光子学报, 2020, 49 (4): 0412001, 网络出版: 2020-04-24
一种微米级高度台阶镜面条纹反射的三维测量系统
A Specular Stepped Surface Profile Measurement System Based on Fringe Reflection Principle with Micrometer-level Height Resolution
条纹反射 台阶镜面 相位测量 三角法 三维重构 Fringe reflection Specular stepped surface Phase measurement Triangulation 3D reconstruction
摘要
提出了一种检测微米级高度衍射台阶结构的条纹反射三维检测方法.对条纹反射光路的理论分析表明,合理选择入射光线角度和液晶屏放置角度以及液晶屏像素尺寸等系统参数,条纹反射系统能够分辨微米乃至亚微米级的镜面台阶.实际构建了一套微米级台阶镜面条纹反射测量实验装置;采用四步相移法进行条纹相位解算,运用移动屏幕方法确定反射光线方程,结合三角交汇原理,对待测台阶镜面进行三维重构.实际测量了名义值为5 μm和10 μm的台阶镜面,测量结果不确定度在0.5 μm内,和商业仪器测量结果的偏差 < 0.5 μm,证明了设计方法的可行性.本文结果对于包含衍射台阶结构的光学元件三维测量研究具有一定的借鉴意义.
Abstract
A fringe reflection three dimensional (3D) profile measurement system is proposed for micrometer-level height stepped mirrors. A systematic theoretical analysis of fringe reflection ray path is conducted, showing that by proper selection of the structure parameters including the ray incident angle, the Liquid Crystal Display(LCD) screen orientation angle and the LCD screen pixel size, the fringe reflection system can resolve micron and even sub-micron level stepped mirrors. A micrometer-level resolution fringe reflection measurement setup for stepped mirrors is constructed, which calculates the fringe phase using the four-step phase shift method, determines the reflected light equation using the moving screen method and reconstructs the 3D shape based on triangulation method. A stepped mirror sample with 5 μm and 10 μm steps is finally measured. The measurement uncertainty is within 0.5 μm and the discrepancy with the commercial system result is less than 0.5 μm, which proves the feasibility of the designing method. The result of this paper can be of great reference to the 3D reconstruction study of specular surfaces with diffractive structures.

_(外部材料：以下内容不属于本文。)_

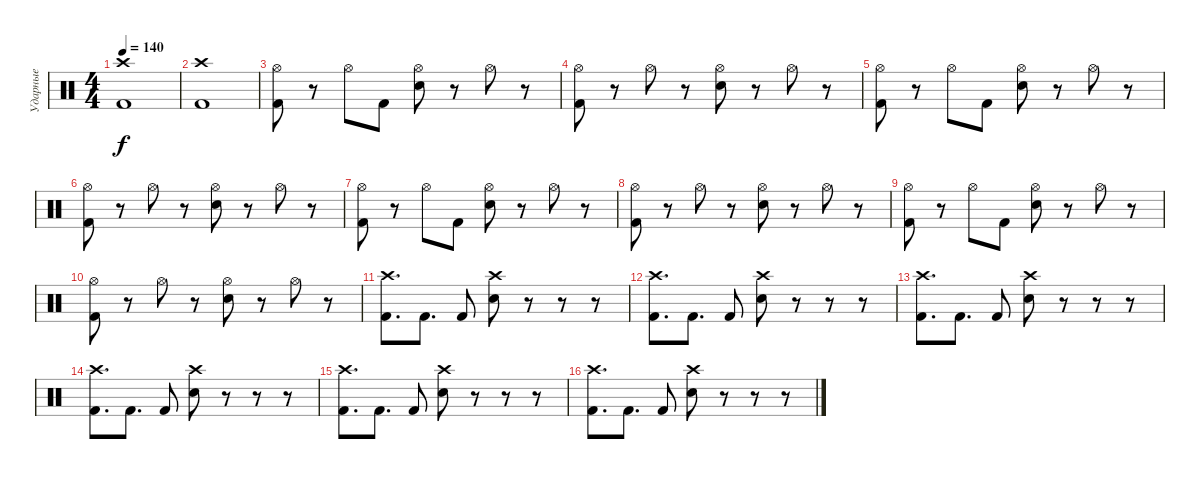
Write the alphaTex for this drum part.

\track ("Ударные" "Ударные") {mute instrument percussion}
\staff {score}
\articulation defaults
\ts (4 4)
\tempo 140
\clef neutral
\ks c
("Kick (hit) 2" "Crash high (hit)").1{dy f} |
("Kick (hit) 2" "Crash high (hit)").1 |
("Kick (hit) 2" "Hi-Hat (open)").8 r.8 "Hi-Hat (open)".8 "Kick (hit) 2".8 ("Electric Snare (hit)" "Hi-Hat (open)").8 r.8 "Hi-Hat (open)".8 r.8 |
("Kick (hit) 2" "Hi-Hat (open)").8 r.8 "Hi-Hat (open)".8 r.8 ("Electric Snare (hit)" "Hi-Hat (open)").8 r.8 "Hi-Hat (open)".8 r.8 |
("Kick (hit) 2" "Hi-Hat (open)").8 r.8 "Hi-Hat (open)".8 "Kick (hit) 2".8 ("Electric Snare (hit)" "Hi-Hat (open)").8 r.8 "Hi-Hat (open)".8 r.8 |
("Kick (hit) 2" "Hi-Hat (open)").8 r.8 "Hi-Hat (open)".8 r.8 ("Electric Snare (hit)" "Hi-Hat (open)").8 r.8 "Hi-Hat (open)".8 r.8 |
("Kick (hit) 2" "Hi-Hat (open)").8 r.8 "Hi-Hat (open)".8 "Kick (hit) 2".8 ("Electric Snare (hit)" "Hi-Hat (open)").8 r.8 "Hi-Hat (open)".8 r.8 |
("Kick (hit) 2" "Hi-Hat (open)").8 r.8 "Hi-Hat (open)".8 r.8 ("Electric Snare (hit)" "Hi-Hat (open)").8 r.8 "Hi-Hat (open)".8 r.8 |
("Kick (hit) 2" "Hi-Hat (open)").8 r.8 "Hi-Hat (open)".8 "Kick (hit) 2".8 ("Electric Snare (hit)" "Hi-Hat (open)").8 r.8 "Hi-Hat (open)".8 r.8 |
("Kick (hit) 2" "Hi-Hat (open)").8 r.8 "Hi-Hat (open)".8 r.8 ("Electric Snare (hit)" "Hi-Hat (open)").8 r.8 "Hi-Hat (open)".8 r.8 |
("Crash high (hit)" "Kick (hit) 2").8{d} "Kick (hit) 2".8{d} "Kick (hit) 2".8 ("Crash high (hit)" "Electric Snare (hit)").8 r.8 r.8 r.8 |
("Crash high (hit)" "Kick (hit) 2").8{d} "Kick (hit) 2".8{d} "Kick (hit) 2".8 ("Crash high (hit)" "Electric Snare (hit)").8 r.8 r.8 r.8 |
("Crash high (hit)" "Kick (hit) 2").8{d} "Kick (hit) 2".8{d} "Kick (hit) 2".8 ("Crash high (hit)" "Electric Snare (hit)").8 r.8 r.8 r.8 |
("Crash high (hit)" "Kick (hit) 2").8{d} "Kick (hit) 2".8{d} "Kick (hit) 2".8 ("Crash high (hit)" "Electric Snare (hit)").8 r.8 r.8 r.8 |
("Crash high (hit)" "Kick (hit) 2").8{d} "Kick (hit) 2".8{d} "Kick (hit) 2".8 ("Crash high (hit)" "Electric Snare (hit)").8 r.8 r.8 r.8 |
("Crash high (hit)" "Kick (hit) 2").8{d} "Kick (hit) 2".8{d} "Kick (hit) 2".8 ("Crash high (hit)" "Electric Snare (hit)").8 r.8 r.8 r.8
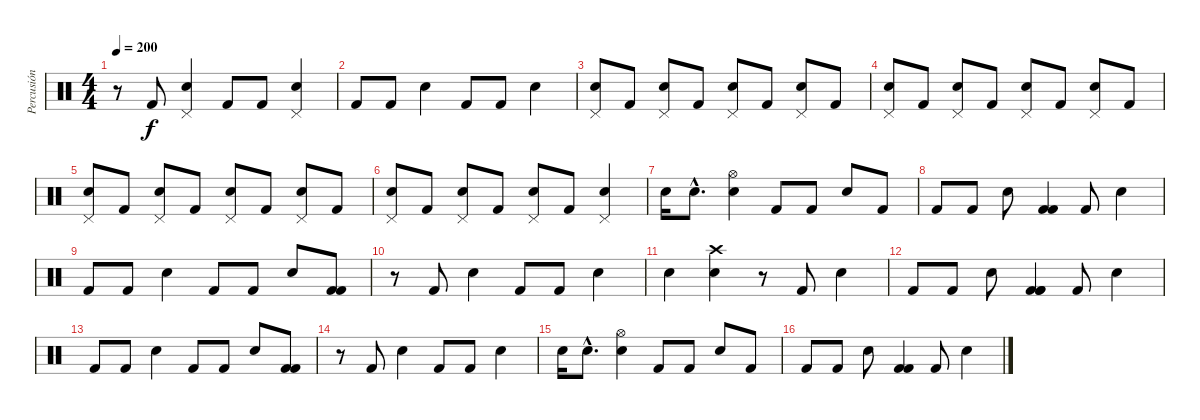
\track ("Percusión" "Percusión") {instrument percussion}
\staff {score}
\articulation defaults
\ts (4 4)
\tempo 200
\clef neutral
\ks c
r.8{dy f} "Kick (hit) 2".8 ("Electric Snare (hit)" "Pedal Hi-Hat (hit)").4 "Kick (hit) 2".8 "Kick (hit) 2".8 ("Electric Snare (hit)" "Pedal Hi-Hat (hit)").4 |
"Kick (hit) 2".8 "Kick (hit) 2".8 "Electric Snare (hit)".4 "Kick (hit) 2".8 "Kick (hit) 2".8 "Electric Snare (hit)".4 |
("Electric Snare (hit)" "Pedal Hi-Hat (hit)").8 "Kick (hit) 2".8 ("Electric Snare (hit)" "Pedal Hi-Hat (hit)").8 "Kick (hit) 2".8 ("Electric Snare (hit)" "Pedal Hi-Hat (hit)").8 "Kick (hit) 2".8 ("Electric Snare (hit)" "Pedal Hi-Hat (hit)").8 "Kick (hit) 2".8 |
("Electric Snare (hit)" "Pedal Hi-Hat (hit)").8 "Kick (hit) 2".8 ("Electric Snare (hit)" "Pedal Hi-Hat (hit)").8 "Kick (hit) 2".8 ("Electric Snare (hit)" "Pedal Hi-Hat (hit)").8 "Kick (hit) 2".8 ("Electric Snare (hit)" "Pedal Hi-Hat (hit)").8 "Kick (hit) 2".8 |
("Electric Snare (hit)" "Pedal Hi-Hat (hit)").8 "Kick (hit) 2".8 ("Electric Snare (hit)" "Pedal Hi-Hat (hit)").8 "Kick (hit) 2".8 ("Electric Snare (hit)" "Pedal Hi-Hat (hit)").8 "Kick (hit) 2".8 ("Electric Snare (hit)" "Pedal Hi-Hat (hit)").8 "Kick (hit) 2".8 |
("Electric Snare (hit)" "Pedal Hi-Hat (hit)").8 "Kick (hit) 2".8 ("Electric Snare (hit)" "Pedal Hi-Hat (hit)").8 "Kick (hit) 2".8 ("Electric Snare (hit)" "Pedal Hi-Hat (hit)").8 "Kick (hit) 2".8 ("Electric Snare (hit)" "Pedal Hi-Hat (hit)").4 |
"Electric Snare (hit)".16 "Electric Snare (hit)"{hac}.8{d} ("Electric Snare (hit)" "Hi-Hat (open)").4 "Kick (hit) 2".8 "Kick (hit) 2".8 "Electric Snare (hit)".8 "Kick (hit) 2".8 |
"Kick (hit) 2".8 "Kick (hit) 2".8 "Electric Snare (hit)".8 ("Kick (hit) 2" "Kick (hit) 2").4 "Kick (hit) 2".8 "Electric Snare (hit)".4 |
"Kick (hit) 2".8 "Kick (hit) 2".8 "Electric Snare (hit)".4 "Kick (hit) 2".8 "Kick (hit) 2".8 "Electric Snare (hit)".8 ("Kick (hit) 2" "Kick (hit) 2").8 |
r.8 "Kick (hit) 2".8 "Electric Snare (hit)".4 "Kick (hit) 2".8 "Kick (hit) 2".8 "Electric Snare (hit)".4 |
"Electric Snare (hit)".4 ("Electric Snare (hit)" "Crash high (hit)").4 r.8 "Kick (hit) 2".8 "Electric Snare (hit)".4 |
"Kick (hit) 2".8 "Kick (hit) 2".8 "Electric Snare (hit)".8 ("Kick (hit) 2" "Kick (hit) 2" "Kick (hit) 2").4 "Kick (hit) 2".8 "Electric Snare (hit)".4 |
"Kick (hit) 2".8 "Kick (hit) 2".8 "Electric Snare (hit)".4 "Kick (hit) 2".8 "Kick (hit) 2".8 "Electric Snare (hit)".8 ("Kick (hit) 2" "Kick (hit) 2").8 |
r.8 "Kick (hit) 2".8 "Electric Snare (hit)".4 "Kick (hit) 2".8 "Kick (hit) 2".8 "Electric Snare (hit)".4 |
"Electric Snare (hit)".16 "Electric Snare (hit)"{hac}.8{d} ("Electric Snare (hit)" "Hi-Hat (open)").4 "Kick (hit) 2".8 "Kick (hit) 2".8 "Electric Snare (hit)".8 "Kick (hit) 2".8 |
"Kick (hit) 2".8 "Kick (hit) 2".8 "Electric Snare (hit)".8 ("Kick (hit) 2" "Kick (hit) 2").4 "Kick (hit) 2".8 "Electric Snare (hit)".4
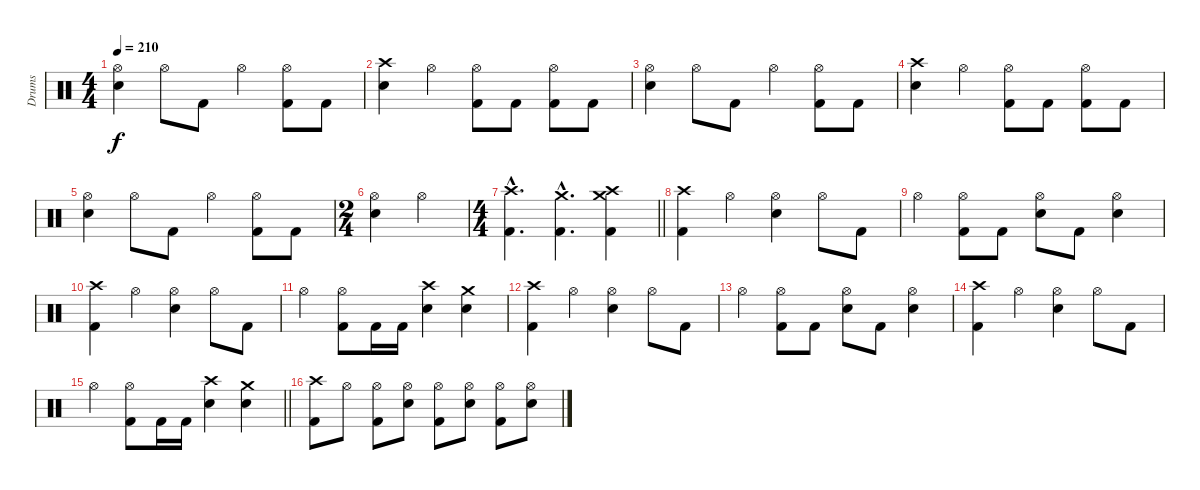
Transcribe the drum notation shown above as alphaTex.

\track ("Drums" "Drums") {instrument percussion}
\staff {score}
\articulation defaults
\ts (4 4)
\tempo 210
\clef neutral
\ks c
("Hi-Hat (open)" "Snare (hit) 2").4{dy f} "Hi-Hat (open)".8 "Kick (hit) 2".8 "Hi-Hat (open)".4 ("Hi-Hat (open)" "Kick (hit) 2").8 "Kick (hit) 2".8 |
("Crash high (hit)" "Snare (hit) 2").4 "Hi-Hat (open)".4 ("Hi-Hat (open)" "Kick (hit) 2").8 "Kick (hit) 2".8 ("Hi-Hat (open)" "Kick (hit) 2").8 "Kick (hit) 2".8 |
("Hi-Hat (open)" "Snare (hit) 2").4 "Hi-Hat (open)".8 "Kick (hit) 2".8 "Hi-Hat (open)".4 ("Hi-Hat (open)" "Kick (hit) 2").8 "Kick (hit) 2".8 |
("Crash high (hit)" "Snare (hit) 2").4 "Hi-Hat (open)".4 ("Hi-Hat (open)" "Kick (hit) 2").8 "Kick (hit) 2".8 ("Hi-Hat (open)" "Kick (hit) 2").8 "Kick (hit) 2".8 |
("Hi-Hat (open)" "Snare (hit) 2").4 "Hi-Hat (open)".8 "Kick (hit) 2".8 "Hi-Hat (open)".4 ("Hi-Hat (open)" "Kick (hit) 2").8 "Kick (hit) 2".8 |
\ts (2 4)
("Hi-Hat (open)" "Snare (hit) 2").4 "Hi-Hat (open)".4 |
\ts (4 4)
\barLineRight lightlight
("Crash high (hit)"{hac} "Kick (hit) 2"{hac}).4{d} ("Crash medium (hit)"{hac} "Kick (hit) 2"{hac}).4{d} ("Crash high (hit)" "Crash medium (hit)" "Kick (hit) 2").4 |
("Crash high (hit)" "Kick (hit) 2").4 "Hi-Hat (open)".4 ("Hi-Hat (open)" "Snare (hit) 2").4 "Hi-Hat (open)".8 "Kick (hit) 2".8 |
"Hi-Hat (open)".4 ("Hi-Hat (open)" "Kick (hit) 2").8 "Kick (hit) 2".8 ("Hi-Hat (open)" "Snare (hit) 2").8 "Kick (hit) 2".8 ("Hi-Hat (open)" "Snare (hit) 2").4 |
("Crash high (hit)" "Kick (hit) 2").4 "Hi-Hat (open)".4 ("Hi-Hat (open)" "Snare (hit) 2").4 "Hi-Hat (open)".8 "Kick (hit) 2".8 |
"Hi-Hat (open)".4 ("Hi-Hat (open)" "Kick (hit) 2").8 "Kick (hit) 2".16 "Kick (hit) 2".16 ("Crash high (hit)" "Snare (hit) 2").4 ("Crash medium (hit)" "Snare (hit) 2").4 |
("Crash high (hit)" "Kick (hit) 2").4 "Hi-Hat (open)".4 ("Hi-Hat (open)" "Snare (hit) 2").4 "Hi-Hat (open)".8 "Kick (hit) 2".8 |
"Hi-Hat (open)".4 ("Hi-Hat (open)" "Kick (hit) 2").8 "Kick (hit) 2".8 ("Hi-Hat (open)" "Snare (hit) 2").8 "Kick (hit) 2".8 ("Hi-Hat (open)" "Snare (hit) 2").4 |
("Crash high (hit)" "Kick (hit) 2").4 "Hi-Hat (open)".4 ("Hi-Hat (open)" "Snare (hit) 2").4 "Hi-Hat (open)".8 "Kick (hit) 2".8 |
\barLineRight lightlight "Hi-Hat (open)".4
("Hi-Hat (open)" "Kick (hit) 2").8 "Kick (hit) 2".16 "Kick (hit) 2".16 ("Crash high (hit)" "Snare (hit) 2").4 ("Crash medium (hit)" "Snare (hit) 2").4 |
("Crash high (hit)" "Kick (hit) 2").8 "Hi-Hat (open)".8 ("Hi-Hat (open)" "Kick (hit) 2").8 ("Hi-Hat (open)" "Snare (hit) 2").8 ("Hi-Hat (open)" "Kick (hit) 2").8 ("Hi-Hat (open)" "Snare (hit) 2").8 ("Hi-Hat (open)" "Kick (hit) 2").8 ("Hi-Hat (open)" "Snare (hit) 2").8

万新军, 吕宋, 宋可, 解树平. 一种微米级高度台阶镜面条纹反射的三维测量系统[J]. 光子学报, 2020, 49(4): 0412001. Xin-jun WAN, Song LÜ, Ke SONG, Shu-ping XIE. A Specular Stepped Surface Profile Measurement System Based on Fringe Reflection Principle with Micrometer-level Height Resolution[J]. ACTA PHOTONICA SINICA, 2020, 49(4): 0412001.